**EXERCISE BRIEF**
Retype only the lines below from the one with "title: La vie indigène" to the one with "geography: amsterdam", inclusive, skipping every image.
START SUPPLIED DATA
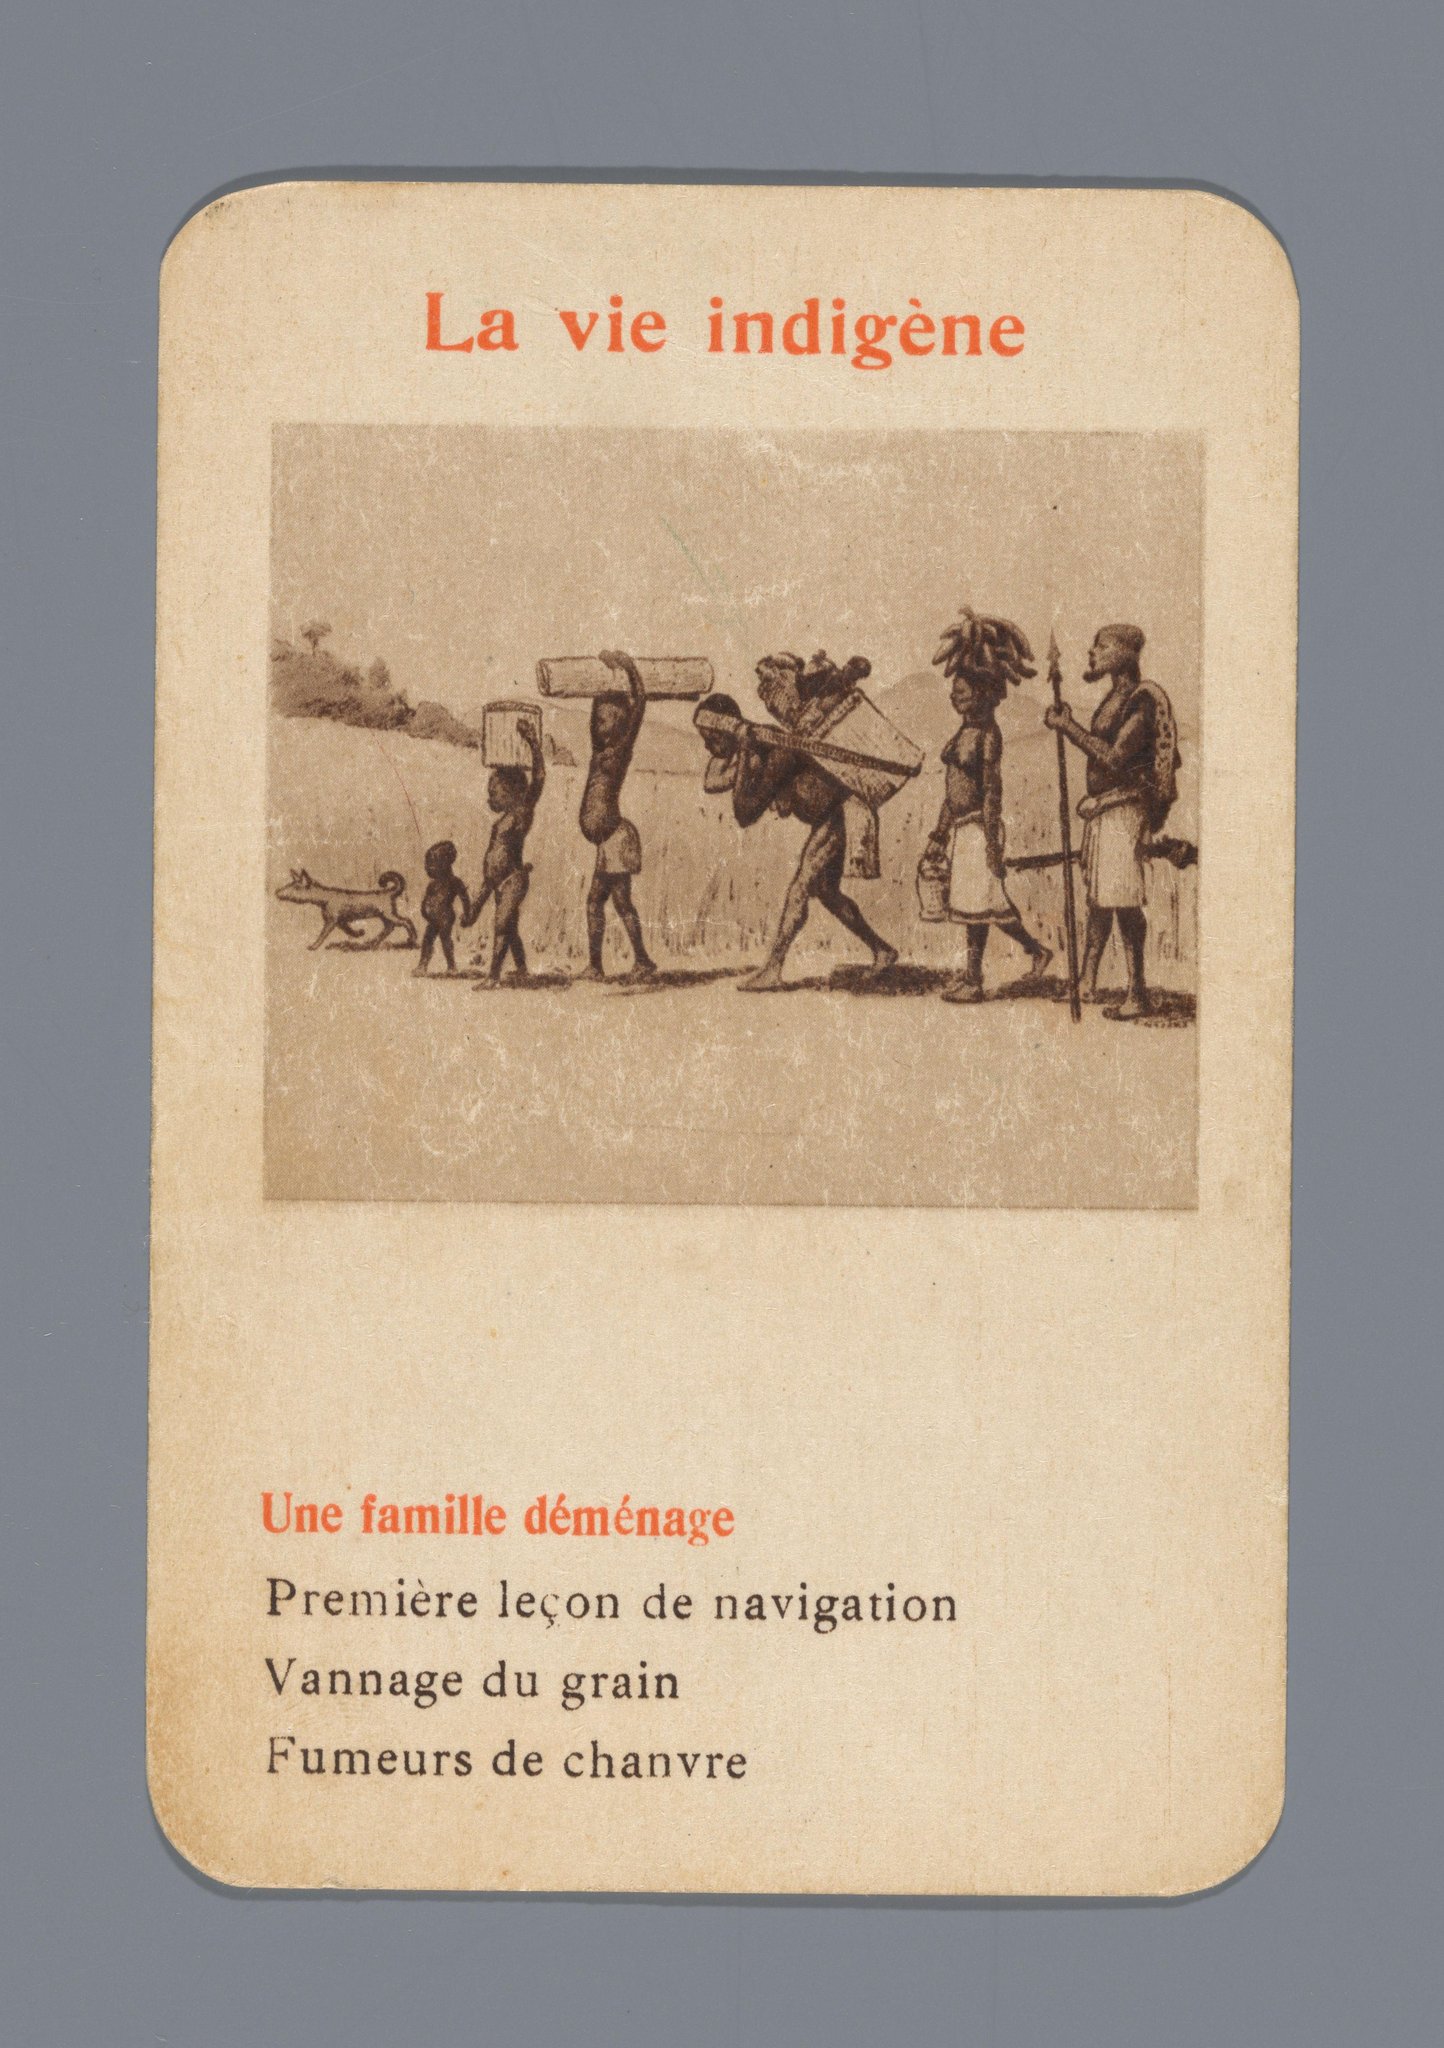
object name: reproduction
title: La vie indigène
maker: Anonymous
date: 1900-1920
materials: cardboard, paper
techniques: rotogravure
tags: moving (house), card games
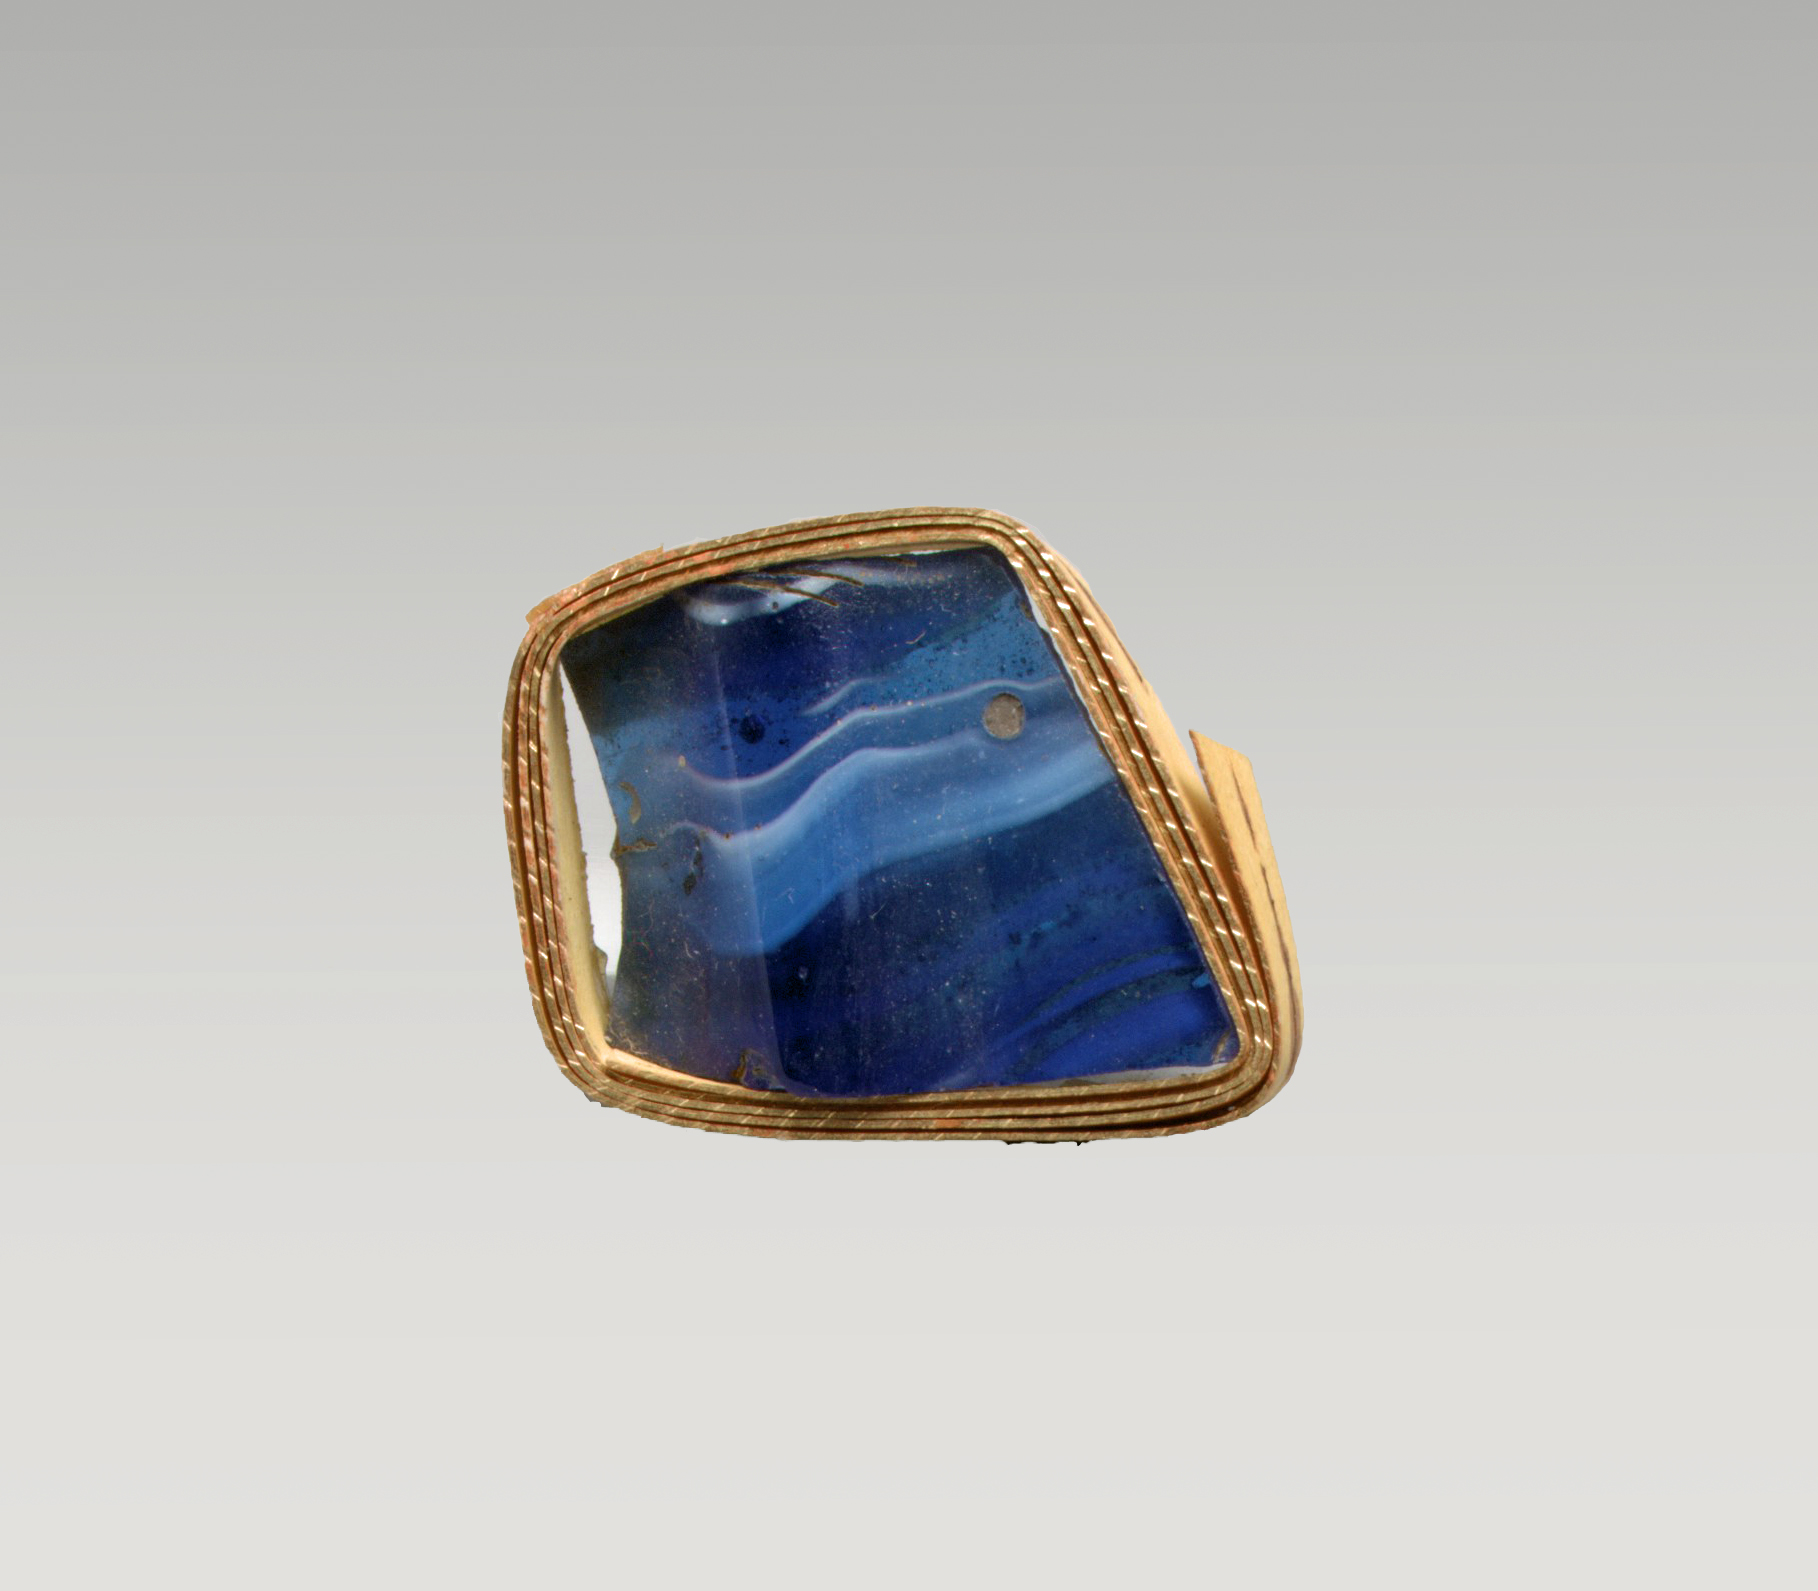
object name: fragment, mosaic bowl
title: Mosaic glass ribbed bowl fragment
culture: roman
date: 34 BCE-33 CE
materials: glass
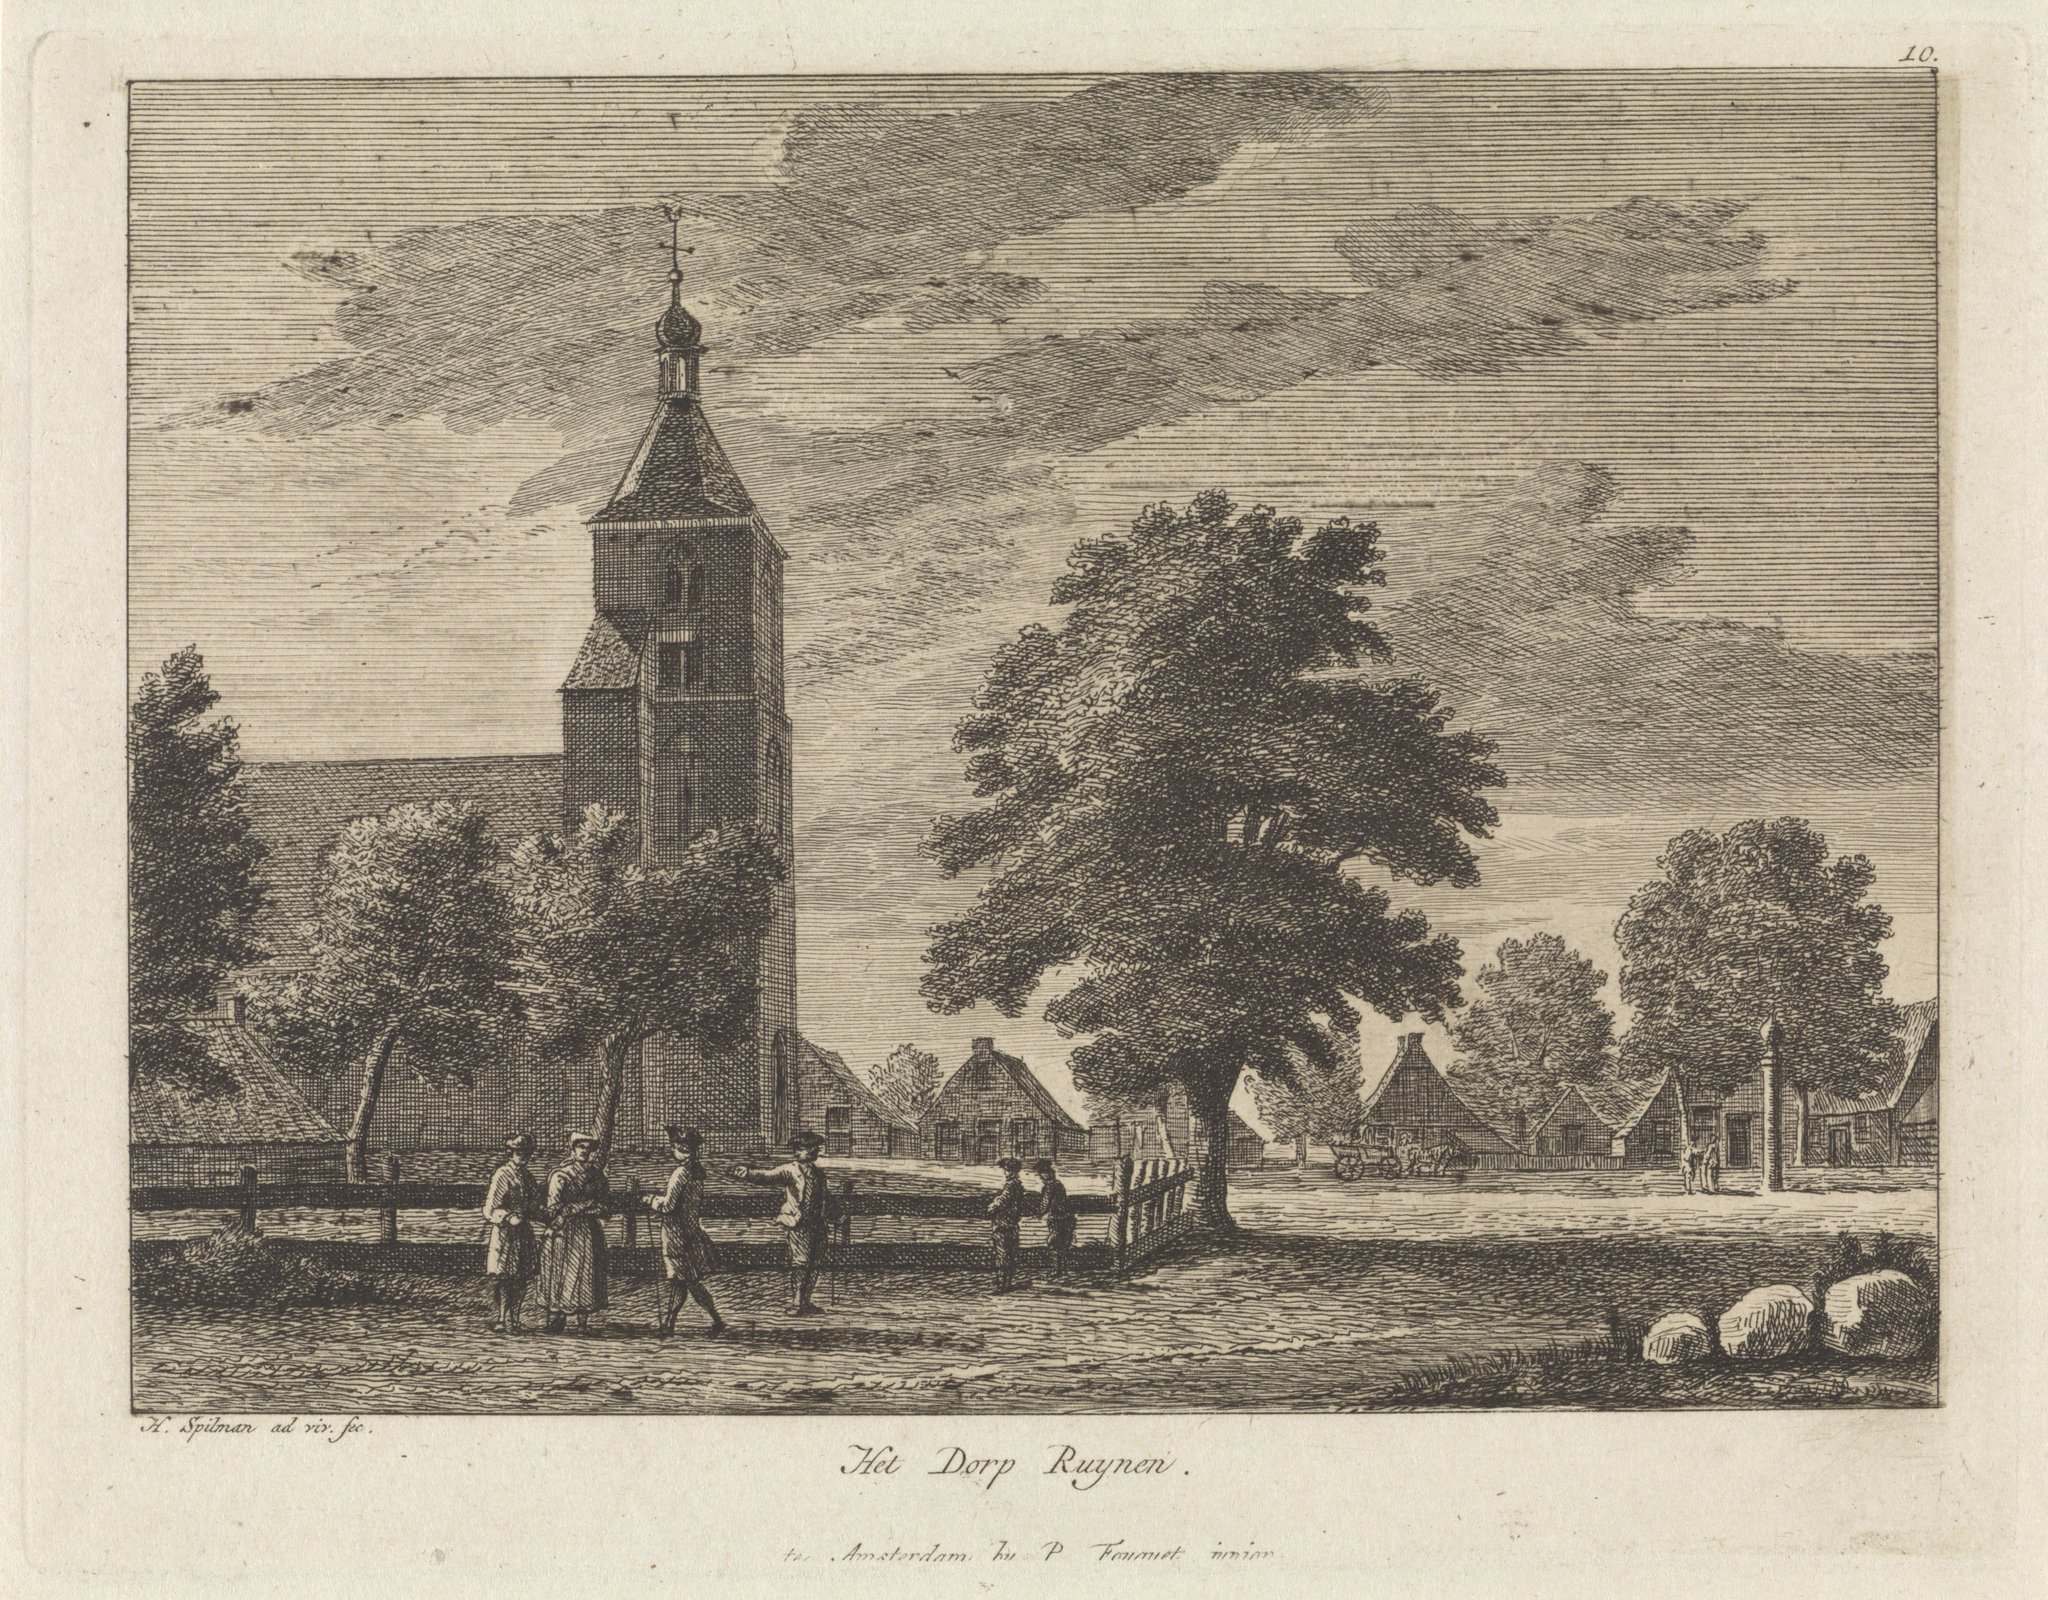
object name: print
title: Het dorp Ruynen
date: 1760-1796
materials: paper
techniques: etching
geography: amsterdam
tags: church (exterior), village square, place (+ city(-scape) with figures, staffage)
END SUPPLIED DATA
**ANSWER SECTION**
title: La vie indigène
maker: Anonymous
date: 1900-1920
materials: cardboard, paper
techniques: rotogravure
tags: moving (house), card games
object name: fragment, mosaic bowl
title: Mosaic glass ribbed bowl fragment
culture: roman
date: 34 BCE-33 CE
materials: glass
object name: print
title: Het dorp Ruynen
date: 1760-1796
materials: paper
techniques: etching
geography: amsterdam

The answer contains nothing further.